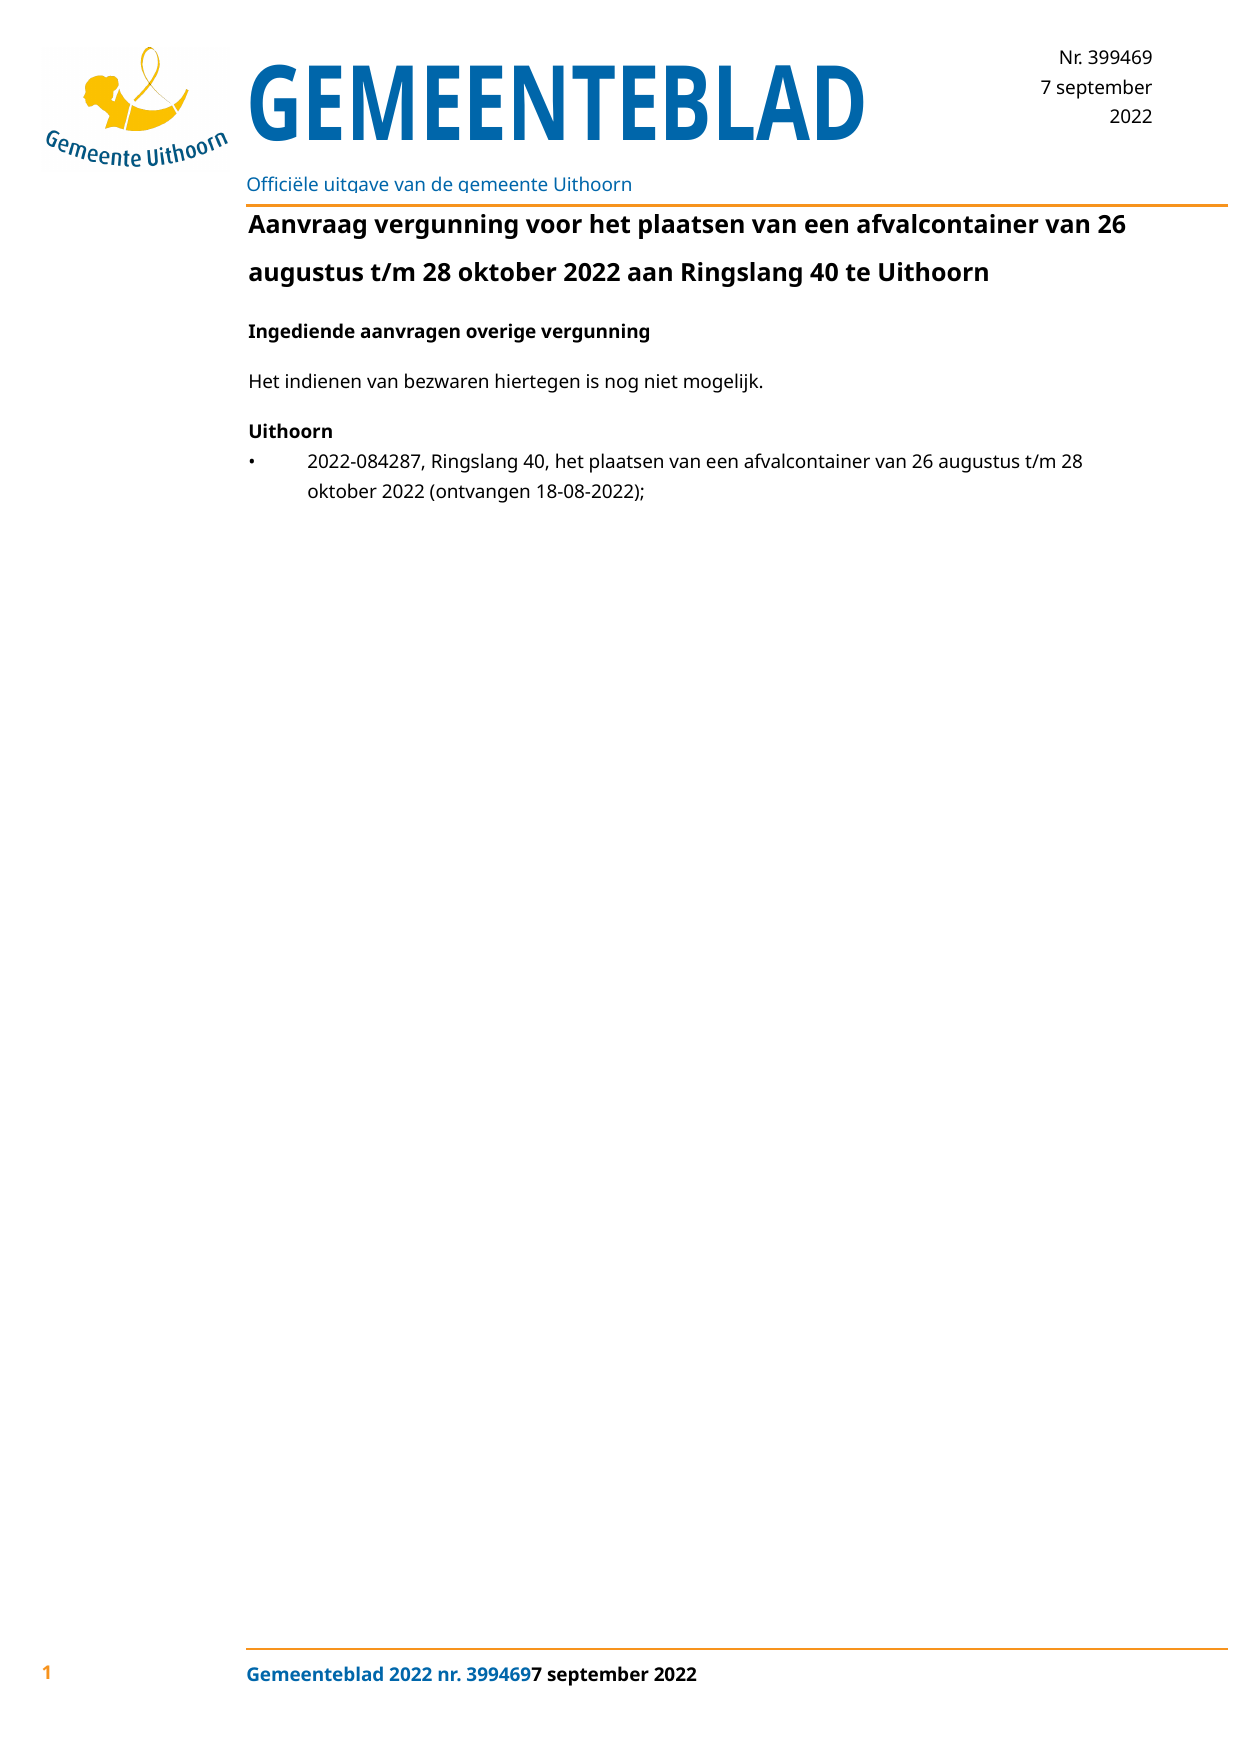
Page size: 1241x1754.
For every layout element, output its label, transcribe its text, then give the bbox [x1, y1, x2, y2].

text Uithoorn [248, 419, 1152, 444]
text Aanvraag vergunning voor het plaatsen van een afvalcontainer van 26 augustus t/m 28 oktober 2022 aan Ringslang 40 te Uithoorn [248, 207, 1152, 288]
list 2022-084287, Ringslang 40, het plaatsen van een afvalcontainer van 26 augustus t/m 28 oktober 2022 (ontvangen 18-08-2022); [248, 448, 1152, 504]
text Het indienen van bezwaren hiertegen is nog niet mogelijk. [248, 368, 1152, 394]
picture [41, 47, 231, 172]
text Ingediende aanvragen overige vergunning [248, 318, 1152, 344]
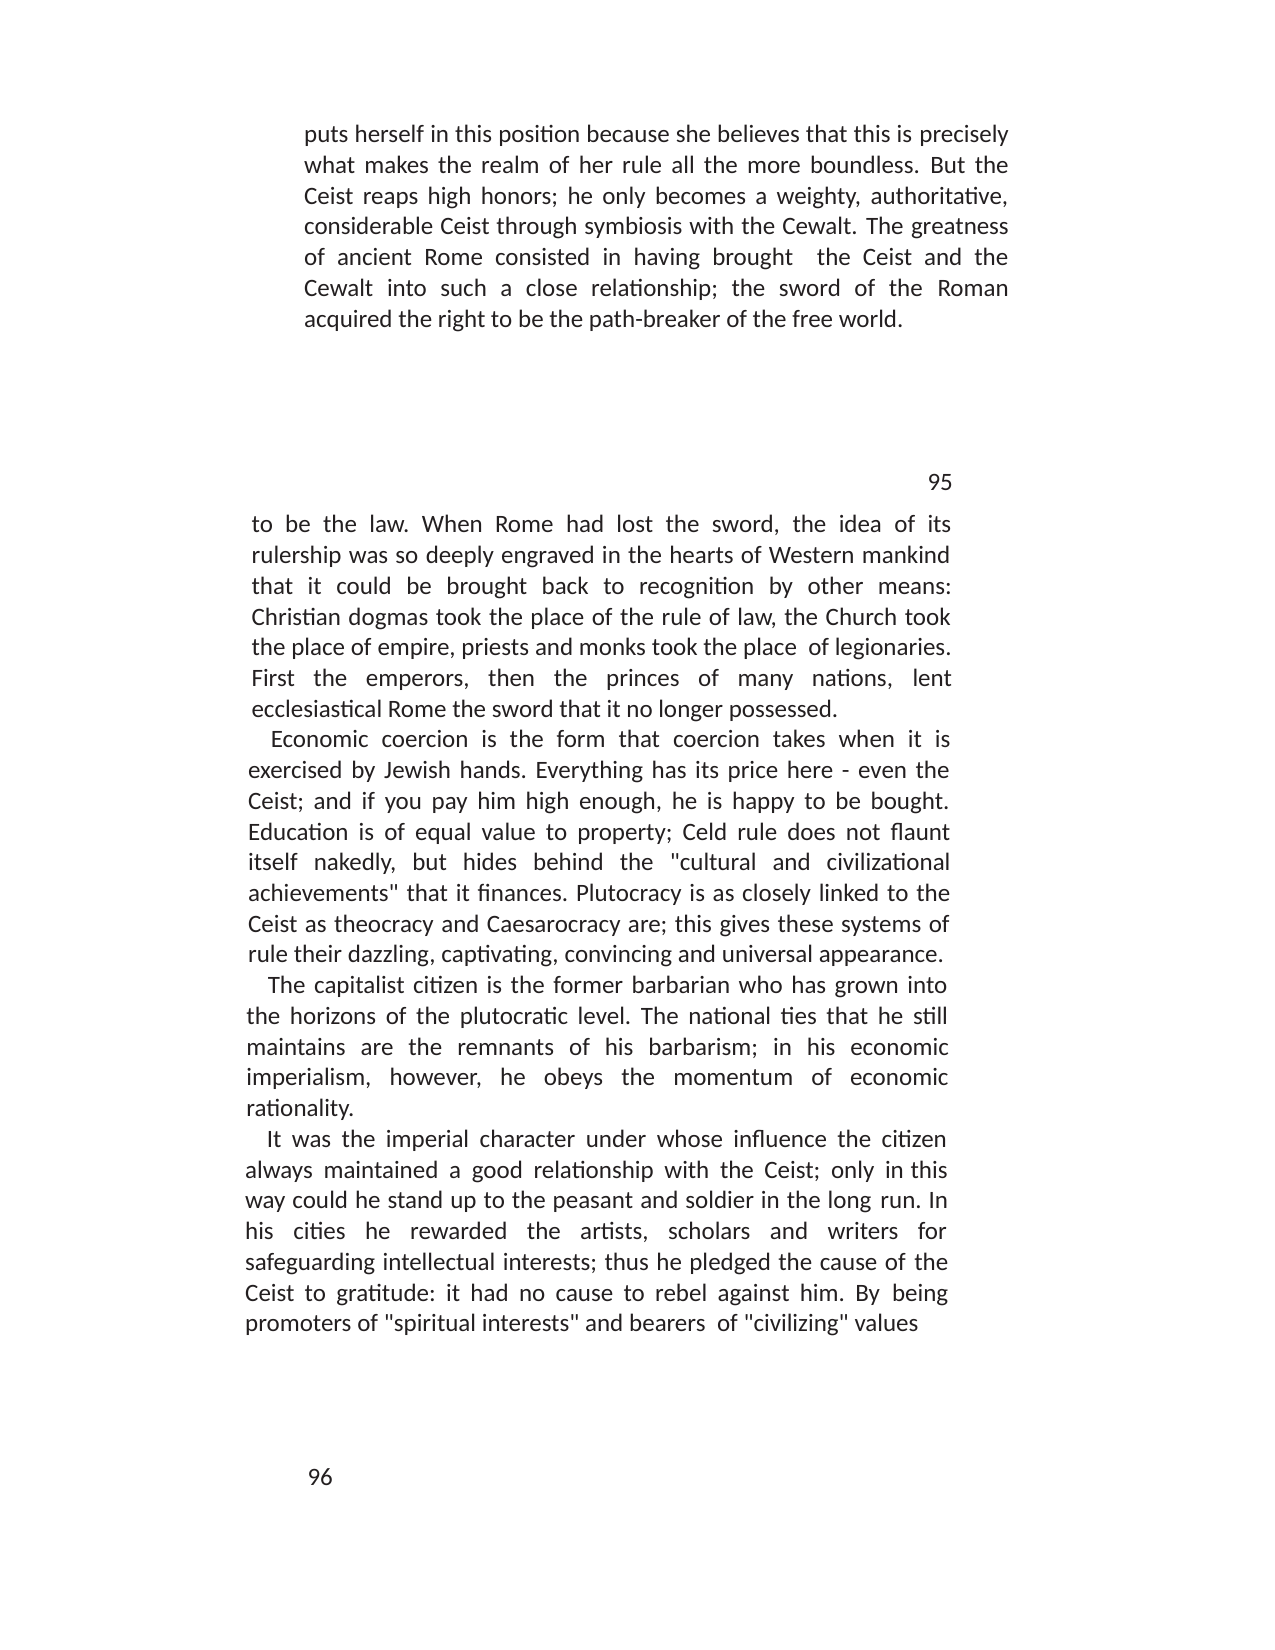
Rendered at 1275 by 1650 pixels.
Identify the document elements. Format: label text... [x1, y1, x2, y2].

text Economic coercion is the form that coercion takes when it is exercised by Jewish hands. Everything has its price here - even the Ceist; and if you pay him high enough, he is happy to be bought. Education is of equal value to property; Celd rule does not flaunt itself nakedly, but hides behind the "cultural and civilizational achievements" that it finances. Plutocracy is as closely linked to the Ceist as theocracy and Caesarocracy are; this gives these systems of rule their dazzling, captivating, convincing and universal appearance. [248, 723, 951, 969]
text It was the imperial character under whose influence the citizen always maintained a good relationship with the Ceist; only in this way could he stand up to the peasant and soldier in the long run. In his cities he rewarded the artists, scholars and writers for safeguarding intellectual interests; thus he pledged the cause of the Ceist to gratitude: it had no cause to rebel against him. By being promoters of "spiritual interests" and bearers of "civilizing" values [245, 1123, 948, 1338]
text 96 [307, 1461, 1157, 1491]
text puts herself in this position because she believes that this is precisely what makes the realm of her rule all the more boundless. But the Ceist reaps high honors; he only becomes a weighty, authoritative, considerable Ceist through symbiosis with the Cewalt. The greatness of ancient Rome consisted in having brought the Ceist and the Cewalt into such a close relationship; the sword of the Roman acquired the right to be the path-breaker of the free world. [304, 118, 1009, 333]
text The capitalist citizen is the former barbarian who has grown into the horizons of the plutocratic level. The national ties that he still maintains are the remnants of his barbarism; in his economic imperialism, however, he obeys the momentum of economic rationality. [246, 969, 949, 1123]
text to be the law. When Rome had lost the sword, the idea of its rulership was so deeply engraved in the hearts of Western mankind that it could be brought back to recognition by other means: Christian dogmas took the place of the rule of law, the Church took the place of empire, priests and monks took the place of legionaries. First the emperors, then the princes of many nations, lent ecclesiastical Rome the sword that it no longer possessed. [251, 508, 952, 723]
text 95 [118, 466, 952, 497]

▸ Your task: Search the material above for "brought". Pull out each line where it shows up.

▸ Answer to this problem:
text puts herself in this position because she believes that this is precisely what makes the realm of her rule all the more boundless. But the Ceist reaps high honors; he only becomes a weighty, authoritative, considerable Ceist through symbiosis with the Cewalt. The greatness of ancient Rome consisted in having brought the Ceist and the Cewalt into such a close relationship; the sword of the Roman acquired the right to be the path-breaker of the free world. [304, 118, 1009, 333]
text to be the law. When Rome had lost the sword, the idea of its rulership was so deeply engraved in the hearts of Western mankind that it could be brought back to recognition by other means: Christian dogmas took the place of the rule of law, the Church took the place of empire, priests and monks took the place of legionaries. First the emperors, then the princes of many nations, lent ecclesiastical Rome the sword that it no longer possessed. [251, 508, 952, 723]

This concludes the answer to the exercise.